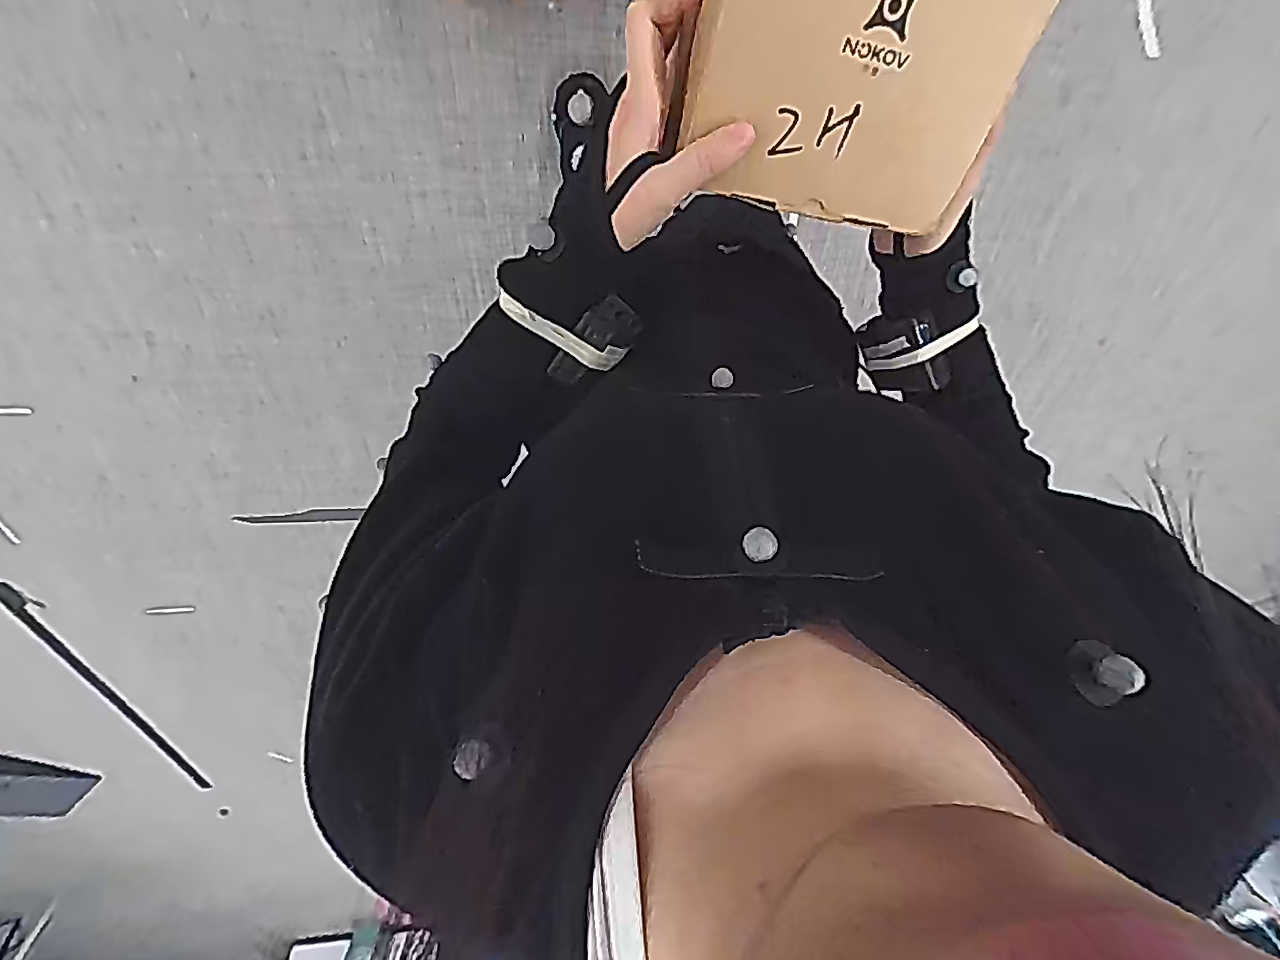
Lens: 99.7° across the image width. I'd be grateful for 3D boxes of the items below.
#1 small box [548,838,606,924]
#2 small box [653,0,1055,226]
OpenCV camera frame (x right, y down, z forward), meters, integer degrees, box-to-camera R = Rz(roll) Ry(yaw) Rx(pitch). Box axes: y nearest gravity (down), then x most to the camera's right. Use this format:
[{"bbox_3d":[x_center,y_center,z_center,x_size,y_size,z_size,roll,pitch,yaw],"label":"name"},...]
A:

● Exercise brief
Collect the complete line wherever the string "small" appears in the records.

● Exercise answer
#1 small box [548,838,606,924]
#2 small box [653,0,1055,226]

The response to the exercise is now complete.